Sat. Jul 27th, 2024

Adding salt to your meals can boost kidney disease risk up to 11 percent

Although diabetes and high blood pressure are considered the most common causes of chronic kidney disease, new research finds that routinely adding salt to your meals can raise your chance of developing the condition as much as 11 percent.

Chronic kidney disease afflicts about 37 million adults in the United States, according to data from the Centers for Disease Control and Prevention. The illness, which usually develops slowly, ultimately leaves a person’s two kidneys unable to adequately filter excess waste and water from the body’s blood supply. This can lead to other health problems.

If the disease progresses to total kidney failure, dialysis or a kidney transplant may be needed. The study, published in the journal JAMA Network Open, involved 465,288 people, ages 37 to 73, who did not have kidney disease at the start of the study and whose health and eating habits were tracked for more than a dozen years. In that time, 22,031 participants developed kidney disease.

Overall, the researchers found that the more often study participants added table salt to their food, the more likely they were to develop kidney disease.

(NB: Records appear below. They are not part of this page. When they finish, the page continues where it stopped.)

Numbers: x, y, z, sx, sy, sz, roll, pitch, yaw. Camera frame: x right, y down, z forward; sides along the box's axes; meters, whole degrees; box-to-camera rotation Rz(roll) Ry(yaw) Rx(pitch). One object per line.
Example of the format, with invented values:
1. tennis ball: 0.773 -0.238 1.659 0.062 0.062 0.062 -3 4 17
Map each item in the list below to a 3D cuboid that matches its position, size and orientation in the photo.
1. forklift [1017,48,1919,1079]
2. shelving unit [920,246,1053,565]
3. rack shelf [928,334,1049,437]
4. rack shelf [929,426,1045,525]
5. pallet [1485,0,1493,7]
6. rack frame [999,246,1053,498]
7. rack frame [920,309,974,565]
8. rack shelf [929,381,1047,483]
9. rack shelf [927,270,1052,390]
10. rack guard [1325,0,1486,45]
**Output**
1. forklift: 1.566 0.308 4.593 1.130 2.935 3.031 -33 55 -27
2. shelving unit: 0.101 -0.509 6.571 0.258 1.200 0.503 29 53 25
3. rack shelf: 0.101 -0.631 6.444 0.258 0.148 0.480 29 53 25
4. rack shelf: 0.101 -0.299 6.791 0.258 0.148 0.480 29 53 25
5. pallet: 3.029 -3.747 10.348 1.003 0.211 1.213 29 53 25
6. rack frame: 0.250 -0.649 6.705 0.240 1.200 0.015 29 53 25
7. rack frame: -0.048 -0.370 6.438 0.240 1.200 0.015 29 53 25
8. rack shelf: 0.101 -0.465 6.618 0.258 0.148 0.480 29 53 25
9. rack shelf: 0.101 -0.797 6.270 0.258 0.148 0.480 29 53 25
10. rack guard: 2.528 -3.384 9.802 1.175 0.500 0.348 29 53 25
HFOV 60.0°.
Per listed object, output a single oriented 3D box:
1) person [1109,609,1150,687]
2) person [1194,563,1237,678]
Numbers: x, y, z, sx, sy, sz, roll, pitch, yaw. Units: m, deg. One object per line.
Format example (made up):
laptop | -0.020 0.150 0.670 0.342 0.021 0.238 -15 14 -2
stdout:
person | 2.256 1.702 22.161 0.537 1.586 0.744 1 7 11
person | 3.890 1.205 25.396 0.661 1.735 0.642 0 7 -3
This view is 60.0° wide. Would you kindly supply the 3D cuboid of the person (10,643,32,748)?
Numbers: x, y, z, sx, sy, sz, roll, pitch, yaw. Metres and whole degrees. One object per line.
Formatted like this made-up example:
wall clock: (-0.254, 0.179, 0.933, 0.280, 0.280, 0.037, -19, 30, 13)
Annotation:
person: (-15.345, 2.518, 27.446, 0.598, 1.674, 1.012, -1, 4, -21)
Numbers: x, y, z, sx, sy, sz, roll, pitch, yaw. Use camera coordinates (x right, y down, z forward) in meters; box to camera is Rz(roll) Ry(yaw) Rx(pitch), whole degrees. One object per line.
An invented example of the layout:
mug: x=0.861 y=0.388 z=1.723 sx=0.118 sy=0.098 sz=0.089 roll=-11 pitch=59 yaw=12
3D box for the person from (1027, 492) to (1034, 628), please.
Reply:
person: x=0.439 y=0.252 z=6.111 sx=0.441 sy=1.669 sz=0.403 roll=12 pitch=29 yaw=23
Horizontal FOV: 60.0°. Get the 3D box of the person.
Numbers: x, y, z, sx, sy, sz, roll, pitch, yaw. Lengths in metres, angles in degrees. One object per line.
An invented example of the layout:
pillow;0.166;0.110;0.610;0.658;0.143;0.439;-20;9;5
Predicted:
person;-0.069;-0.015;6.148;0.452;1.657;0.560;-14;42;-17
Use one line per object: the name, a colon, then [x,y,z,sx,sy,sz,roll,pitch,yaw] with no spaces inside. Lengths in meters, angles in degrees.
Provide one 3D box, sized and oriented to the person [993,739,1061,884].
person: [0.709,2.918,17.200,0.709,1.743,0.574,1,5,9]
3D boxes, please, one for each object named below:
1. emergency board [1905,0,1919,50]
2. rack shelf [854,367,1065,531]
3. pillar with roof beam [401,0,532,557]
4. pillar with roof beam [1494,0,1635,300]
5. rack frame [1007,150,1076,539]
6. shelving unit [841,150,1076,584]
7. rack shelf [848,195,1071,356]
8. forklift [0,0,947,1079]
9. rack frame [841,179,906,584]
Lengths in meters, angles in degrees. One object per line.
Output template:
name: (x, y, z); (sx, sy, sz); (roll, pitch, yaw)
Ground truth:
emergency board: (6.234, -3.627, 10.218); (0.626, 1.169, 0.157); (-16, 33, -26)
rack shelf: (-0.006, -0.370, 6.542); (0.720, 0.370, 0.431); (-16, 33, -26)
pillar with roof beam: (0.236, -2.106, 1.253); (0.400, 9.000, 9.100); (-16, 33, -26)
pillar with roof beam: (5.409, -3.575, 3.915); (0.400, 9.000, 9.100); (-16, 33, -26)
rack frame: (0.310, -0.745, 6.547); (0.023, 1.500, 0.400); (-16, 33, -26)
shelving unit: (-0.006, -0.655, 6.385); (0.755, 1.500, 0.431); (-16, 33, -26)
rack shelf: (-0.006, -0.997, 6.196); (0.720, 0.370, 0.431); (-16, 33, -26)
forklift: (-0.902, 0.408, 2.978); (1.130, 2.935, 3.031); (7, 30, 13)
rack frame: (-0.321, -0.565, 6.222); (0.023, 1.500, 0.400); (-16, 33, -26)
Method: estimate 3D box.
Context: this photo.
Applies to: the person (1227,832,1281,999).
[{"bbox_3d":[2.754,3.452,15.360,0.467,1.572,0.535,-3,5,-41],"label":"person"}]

Compared with participants who rarely or never added extra salt, those who said they sometimes added salt to their food were 4 percent more likely to develop kidney disease, with the risk increasing to 7 percent for those usually adding it and 11 percent for those who said they always added salt to their food.

“Reducing the frequency of adding salt to foods at the table,” the researchers wrote, “might be a valuable strategy to lower [chronic kidney disease] risk in the general population.” In other words, put down the salt shaker.

This article is part of The Post’s “Big Number” series, which takes a brief look at the statistical aspect of health issues. Additional information and relevant research are available through the hyperlinks.